Protecting Yourself From Lawsuits

Just in case you haven't heard, most lawyers are a pain in the ass and all lawsuits suck. If this is news to you, get down on your knees and thank God that you haven't yet learned this lesson.

One of the toughest truths in business is that you'll be involved in litigation. It's going to happen, no matter how cautious you are. I speak from experience. While we've only been involved in a few lawsuits, and it took seven years for our first, they've been difficult experiences for me. What I can tell you is that if you work in business, they will happen, and with each one, they get easier and easier to stomach.

The sooner you understand that it's going to happen at some point, the easier it will be to deal with it when it does happen. Don't get me wrong -- when it does happen, you'll be shocked, angry and scared, but you will get through it. What follows are six steps you need to take to protect yourself and keep the angst at a minimum.

1. Get, and keep, a good lawyer.

Whether your involvement is as a plaintiff, defendant or third party, you need to know a few things. First, there are a lot of rules and procedures in play and unless you're a lawyer, you probably have no idea what they are. That's okay, but you need to call your lawyer immediately. If you don't have one, get a good one, NOW. Get a referral from someone who knows many and take him/her to lunch twice a year (even with no lawsuits) to keep in touch. Make sure your lawyer knows your business and industry so that if something bad happens, you're not starting at square one. If that bad day comes and you need a specialist and your attorney can't do that work (say real estate law, for example), they'll refer you to someone who can help you. (Throughout the process, work with your lawyer to keep your costs down. I won't go into that here; there are tons of books and articles on ways to do it.)

2. Get professional liability insurance.

If you are a defendant or are a third party in a lawsuit, you should also call your insurance company to see if your professional liability insurance will cover the suit. Don't have professional liability insurance? GET IT. You'll pay a lot for it, in most cases, but it's worth it to sleep at night. One key, be sure to call as soon as the suit is filed -- most insurance companies won't pay if you come to them after the fact.

3. Save your important papers and emails.

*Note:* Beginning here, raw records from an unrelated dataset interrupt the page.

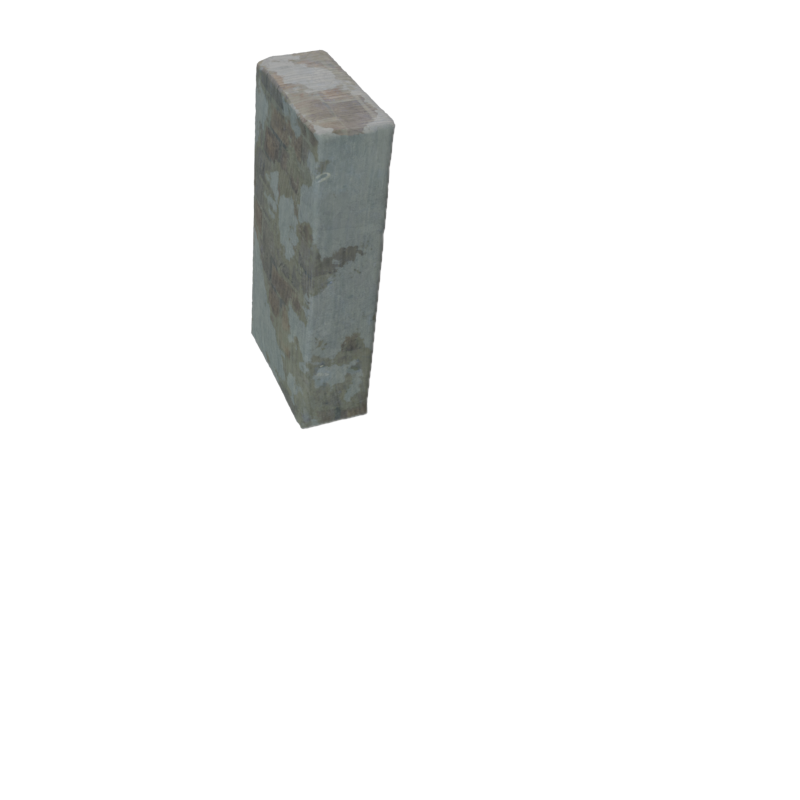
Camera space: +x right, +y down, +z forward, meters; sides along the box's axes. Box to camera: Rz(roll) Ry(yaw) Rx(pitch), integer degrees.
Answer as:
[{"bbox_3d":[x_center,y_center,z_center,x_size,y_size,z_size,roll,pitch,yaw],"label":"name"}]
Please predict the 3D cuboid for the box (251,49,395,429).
[{"bbox_3d":[-0.046,-0.083,0.578,0.047,0.165,0.101,-12,38,-20],"label":"box"}]
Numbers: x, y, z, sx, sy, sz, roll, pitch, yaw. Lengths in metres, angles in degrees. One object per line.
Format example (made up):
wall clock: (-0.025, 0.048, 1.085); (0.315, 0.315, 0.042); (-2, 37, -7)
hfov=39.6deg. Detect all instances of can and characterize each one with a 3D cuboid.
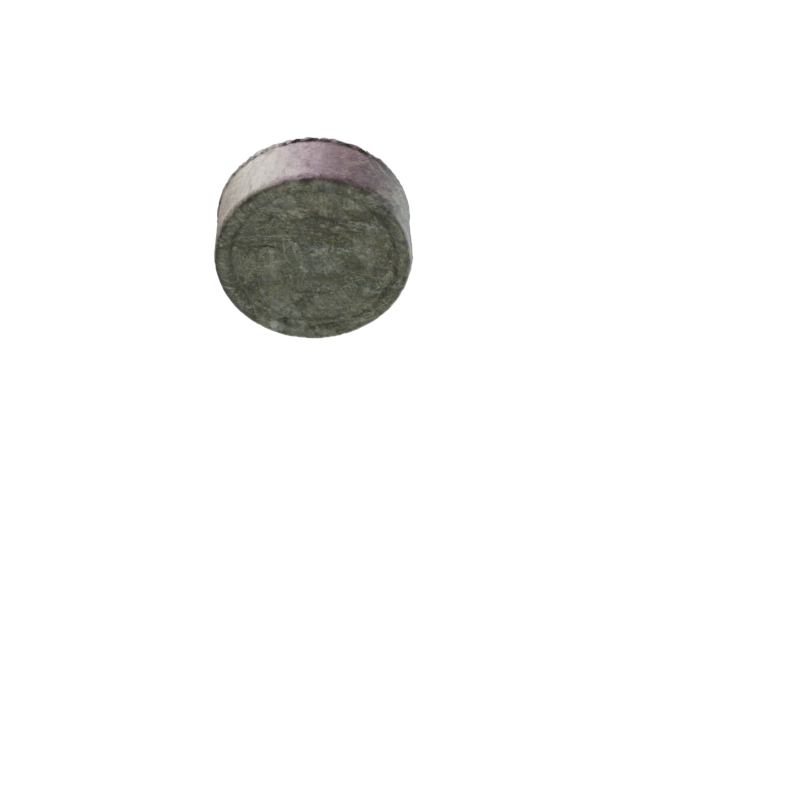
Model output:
can: (-0.038, -0.069, 0.480); (0.086, 0.080, 0.036); (1, 38, -1)
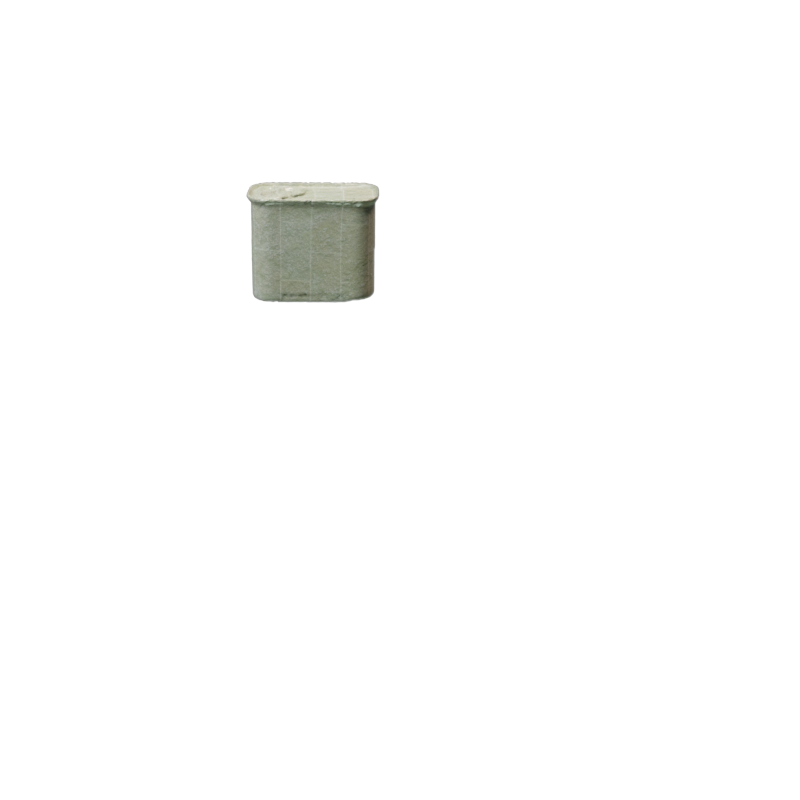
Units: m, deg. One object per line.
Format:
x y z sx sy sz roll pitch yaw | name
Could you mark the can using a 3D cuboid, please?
-0.068 -0.124 0.870 0.102 0.080 0.060 1 20 1 | can
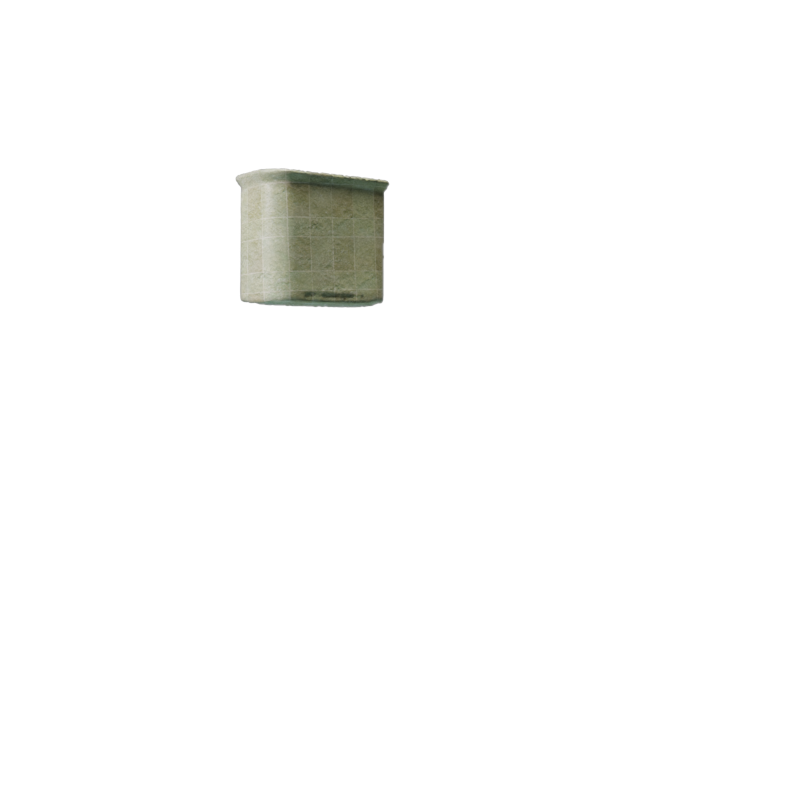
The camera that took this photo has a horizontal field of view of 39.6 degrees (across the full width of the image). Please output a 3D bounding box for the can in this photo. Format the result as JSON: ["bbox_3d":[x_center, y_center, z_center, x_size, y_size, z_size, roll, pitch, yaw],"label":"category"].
[{"bbox_3d":[-0.057,-0.104,0.732,0.098,0.085,0.059,1,-3,-36],"label":"can"}]

Keeping copies of important papers and emails seems pretty simple, right? If you were told to go get your bank statement and emails to your banker from April 2004 right now, how long would it take you? Could you even get them? I'll save you the requisite lecture on backing up, but I will tell you that when you burn a DVD with old emails on it, burn two of everything. Keep one set off site in a safe place. If you're limited on space, scan important files (things like bank statements, contracts, letters, etc.) and put them onto DVDs too. You never know when you'll need something specific that will make or break the case, and you don't want to lose just because you can't find it.

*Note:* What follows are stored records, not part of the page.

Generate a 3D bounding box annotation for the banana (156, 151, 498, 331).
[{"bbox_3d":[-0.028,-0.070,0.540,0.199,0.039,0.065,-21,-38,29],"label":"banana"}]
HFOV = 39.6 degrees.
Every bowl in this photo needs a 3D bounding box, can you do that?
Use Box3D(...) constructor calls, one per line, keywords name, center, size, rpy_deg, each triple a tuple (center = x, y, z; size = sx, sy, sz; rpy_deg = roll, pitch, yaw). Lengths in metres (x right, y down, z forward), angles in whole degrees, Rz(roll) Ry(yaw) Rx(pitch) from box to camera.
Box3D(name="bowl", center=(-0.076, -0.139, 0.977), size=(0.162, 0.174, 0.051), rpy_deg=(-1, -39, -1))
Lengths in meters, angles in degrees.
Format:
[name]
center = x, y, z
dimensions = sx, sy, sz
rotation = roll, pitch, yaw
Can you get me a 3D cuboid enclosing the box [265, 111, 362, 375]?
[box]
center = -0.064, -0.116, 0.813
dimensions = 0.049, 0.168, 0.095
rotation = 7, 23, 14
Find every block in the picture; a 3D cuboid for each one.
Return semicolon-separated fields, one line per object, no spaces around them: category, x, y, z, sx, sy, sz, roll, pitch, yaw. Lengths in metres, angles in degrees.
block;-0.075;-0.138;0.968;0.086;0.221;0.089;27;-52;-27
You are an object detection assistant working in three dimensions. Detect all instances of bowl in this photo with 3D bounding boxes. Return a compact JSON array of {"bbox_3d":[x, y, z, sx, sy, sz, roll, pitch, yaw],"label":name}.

4. Start saving now for that rainy day.

Lawsuits are expensive for everyone, so get ready to pay what you will think is too much money in order to resolve it. And knowing that they are going to happen to every business every once in a while, I think you should set up a reserve account where you pool profits to be used when you have excessively high legal costs. It will help make a bad situation a bit easier.

5. Know when to say when.

As for when to fight and when to settle, that's an intensely personal choice. I used to think that it was a mere financial choice -- do what costs you less. However, now that we've been through this a few times, I think principal plays a big part. While you don't want to be stupid about it and spend thousands and thousands of dollars to prove a point, most times I think it makes sense to stand up for what is right, even if it seems more costly than settling. In most cases, justice is served and the party in the right wins the case. You can also make a name for yourself in your industry/community as someone who fights BS claims rather than one who settles out just to avoid court. In the long run, settling will cost you more if everyone thinks they can sue you and get a specific amount in settlement every time.

6. Learn your lessons.

When you're done with the suit, you need to look objectively at what happened and see if you can do something next time to avoid the situation all together. It might mean changing policies, amending your system or revamping your contract. If you learn a good lesson from it, the cost and time wasted will have at least given you some tangible benefits.

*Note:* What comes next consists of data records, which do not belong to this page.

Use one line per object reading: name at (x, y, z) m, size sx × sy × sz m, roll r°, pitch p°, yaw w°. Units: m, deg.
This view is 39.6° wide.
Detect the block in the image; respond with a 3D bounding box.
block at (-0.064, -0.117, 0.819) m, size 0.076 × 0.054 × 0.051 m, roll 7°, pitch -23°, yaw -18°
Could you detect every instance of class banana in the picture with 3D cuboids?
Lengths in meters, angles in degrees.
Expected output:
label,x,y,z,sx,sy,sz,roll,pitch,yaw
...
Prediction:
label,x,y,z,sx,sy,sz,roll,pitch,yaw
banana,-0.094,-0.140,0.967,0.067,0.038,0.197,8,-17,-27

Lawsuits are like food poisoning. You never know when you'll get one, it can come through no fault of your own, and during it you think you'd rather be dead than to feel that way. But know that you won't die from food poisoning, and the lawsuit won't kill you either. The name of the game is to press on through it -- you'll make it and be better for it in the end. Once you've done it a few times, if you find yourself in an awkward situation where someone threatens a lawsuit, you'll actually be able to brush the threat off since you know you'll get through it. Until then, fake it and don't let people push you around!